• [Recorded data]

* * * *

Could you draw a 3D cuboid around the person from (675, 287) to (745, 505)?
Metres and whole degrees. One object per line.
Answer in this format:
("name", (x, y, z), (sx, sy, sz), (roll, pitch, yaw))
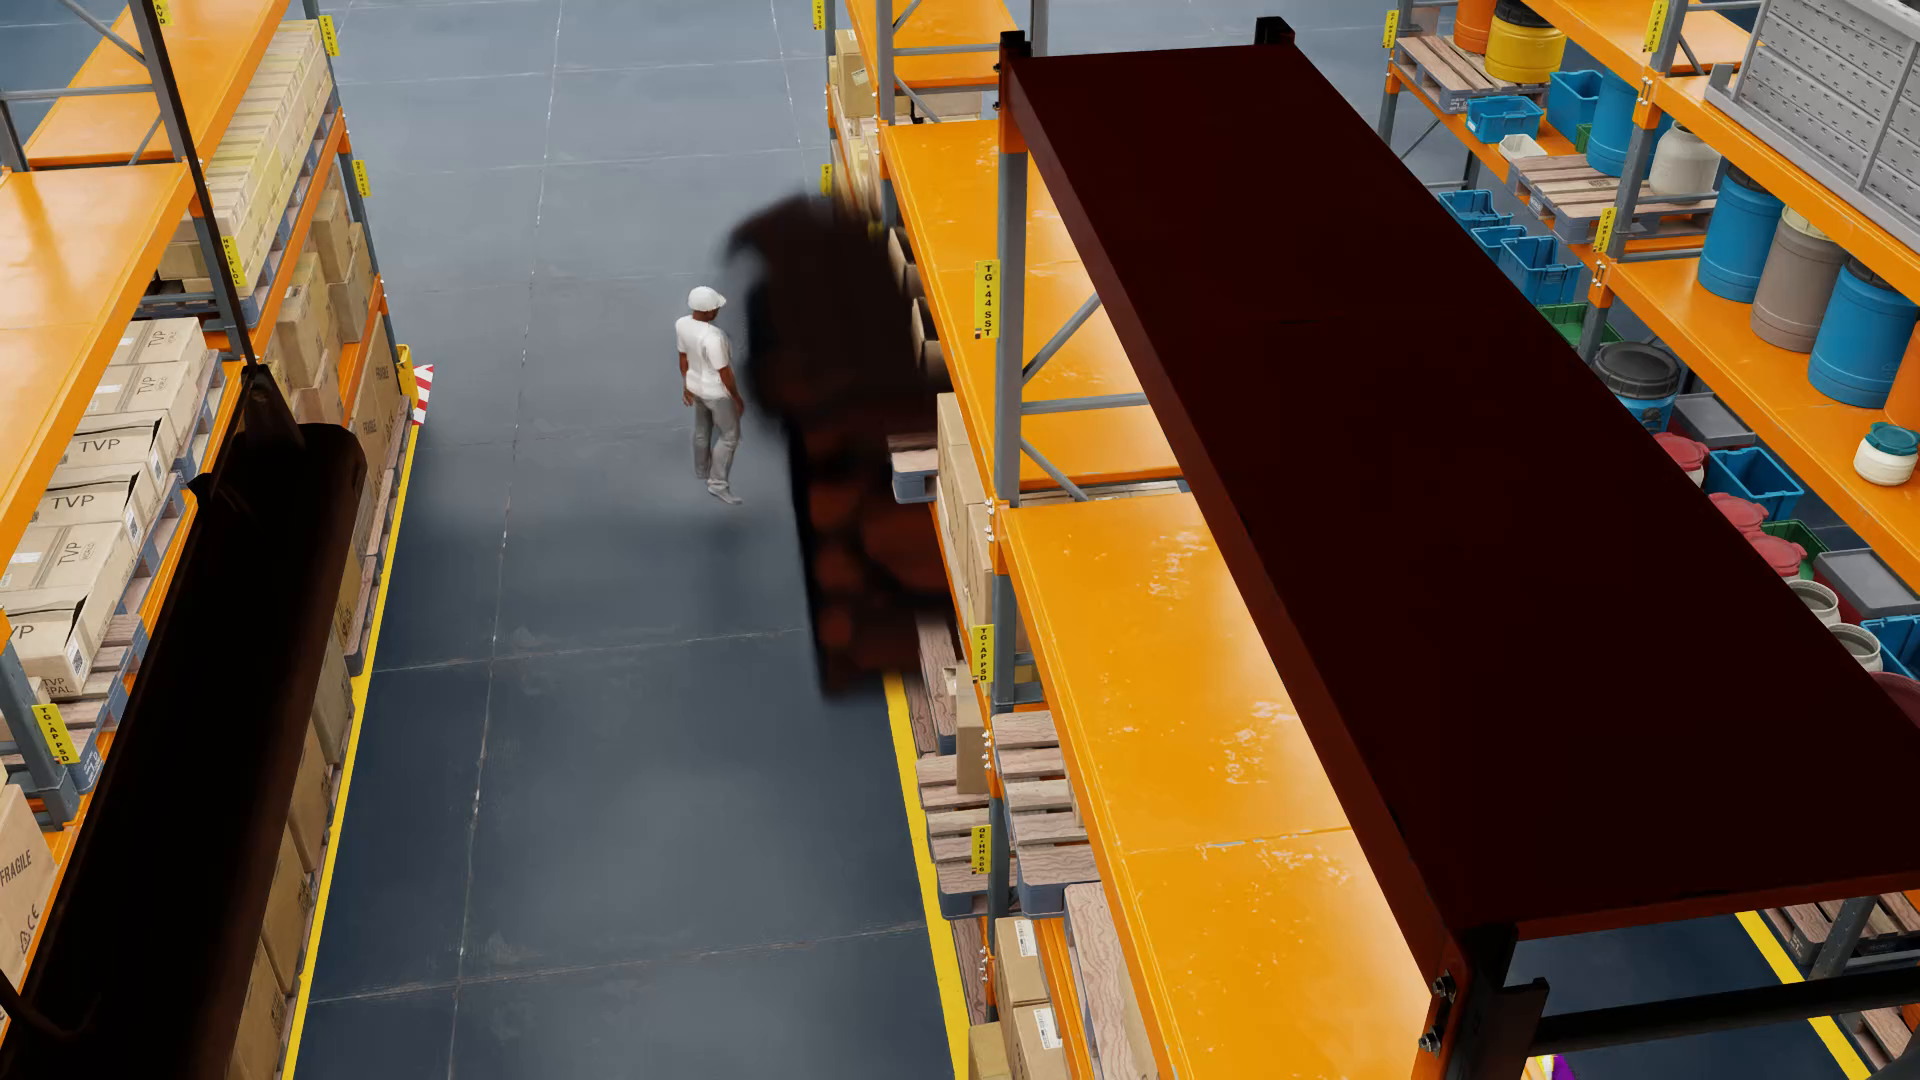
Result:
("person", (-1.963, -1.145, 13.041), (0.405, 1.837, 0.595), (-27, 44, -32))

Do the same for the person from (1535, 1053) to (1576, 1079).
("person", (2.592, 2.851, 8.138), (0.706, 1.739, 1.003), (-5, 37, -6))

* * * *

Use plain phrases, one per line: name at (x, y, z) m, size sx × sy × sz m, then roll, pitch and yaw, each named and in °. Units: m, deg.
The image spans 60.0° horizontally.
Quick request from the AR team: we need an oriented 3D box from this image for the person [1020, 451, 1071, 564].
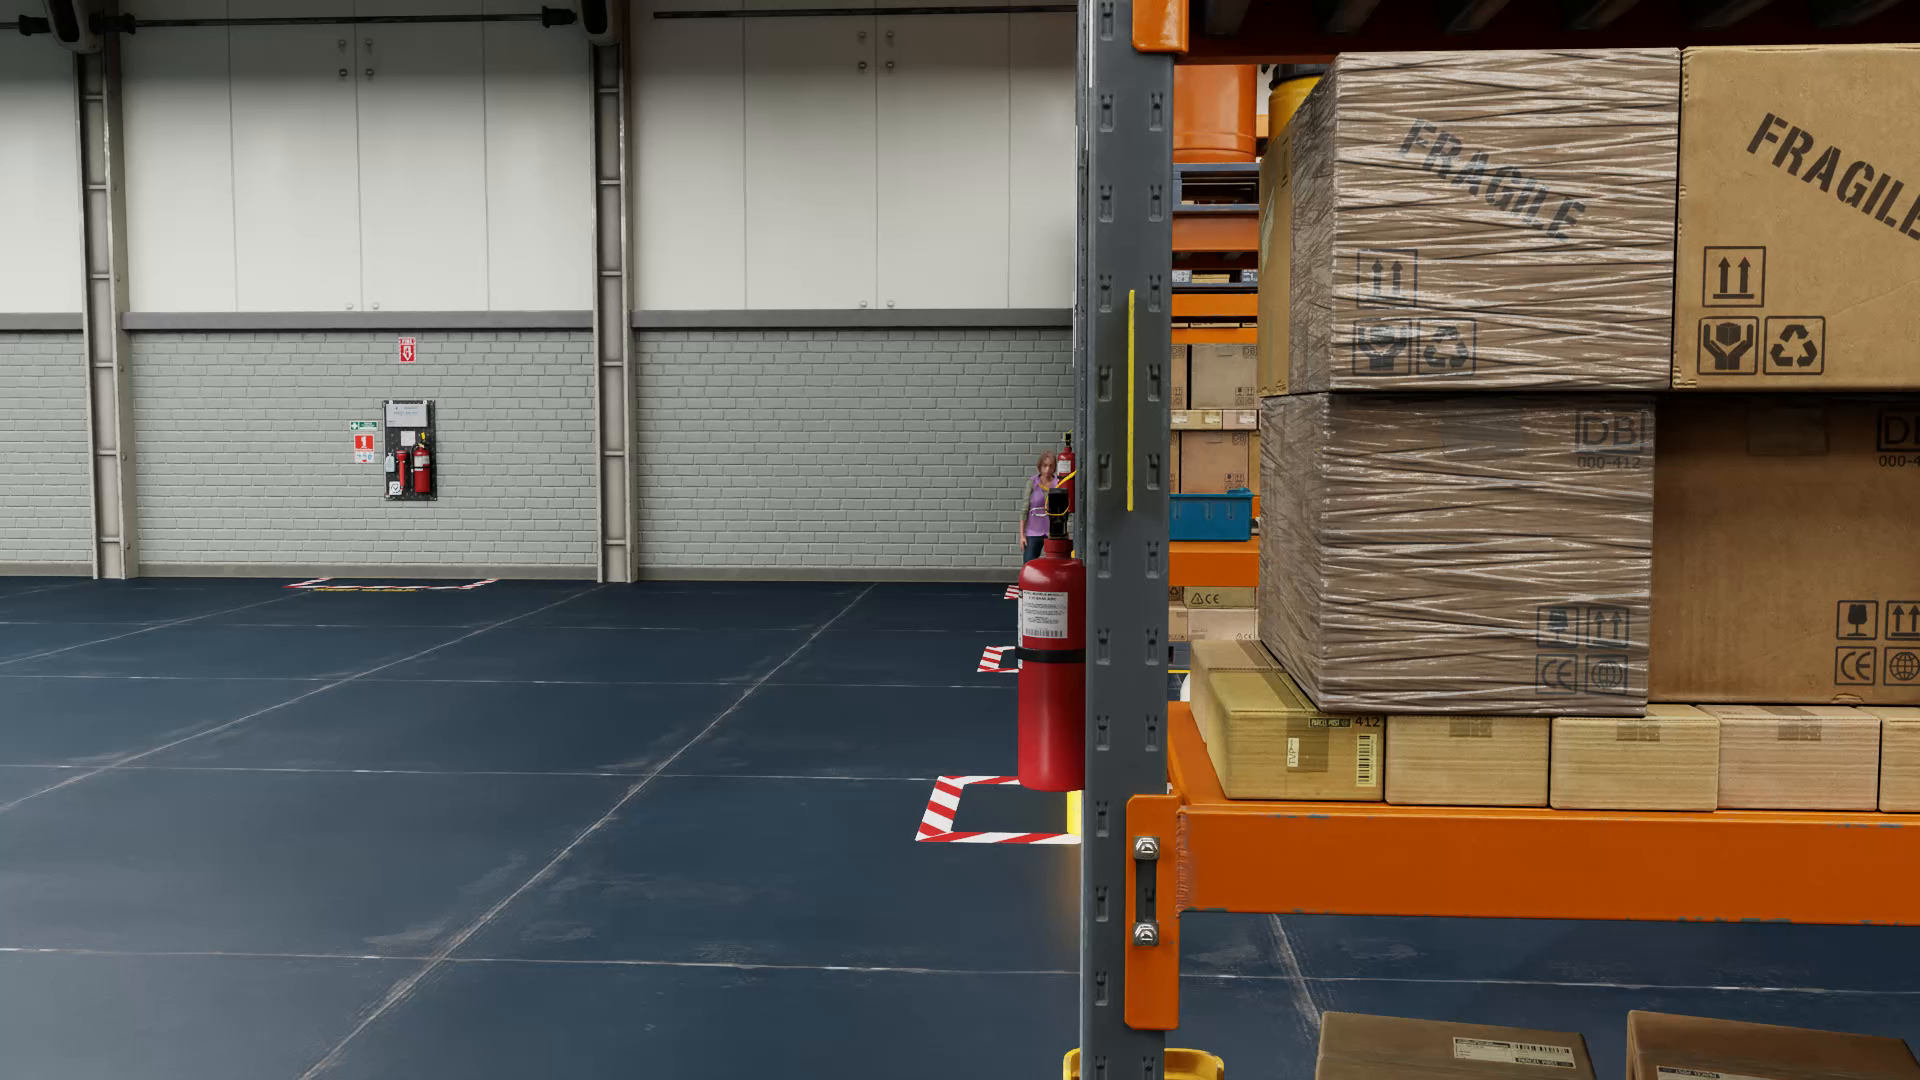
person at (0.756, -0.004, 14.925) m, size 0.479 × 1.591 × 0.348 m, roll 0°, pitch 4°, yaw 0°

* * * *

• [Exercise details] If a line of the data holds the string "name", count it. Then state the total and nothing more.

• [Answer box] 2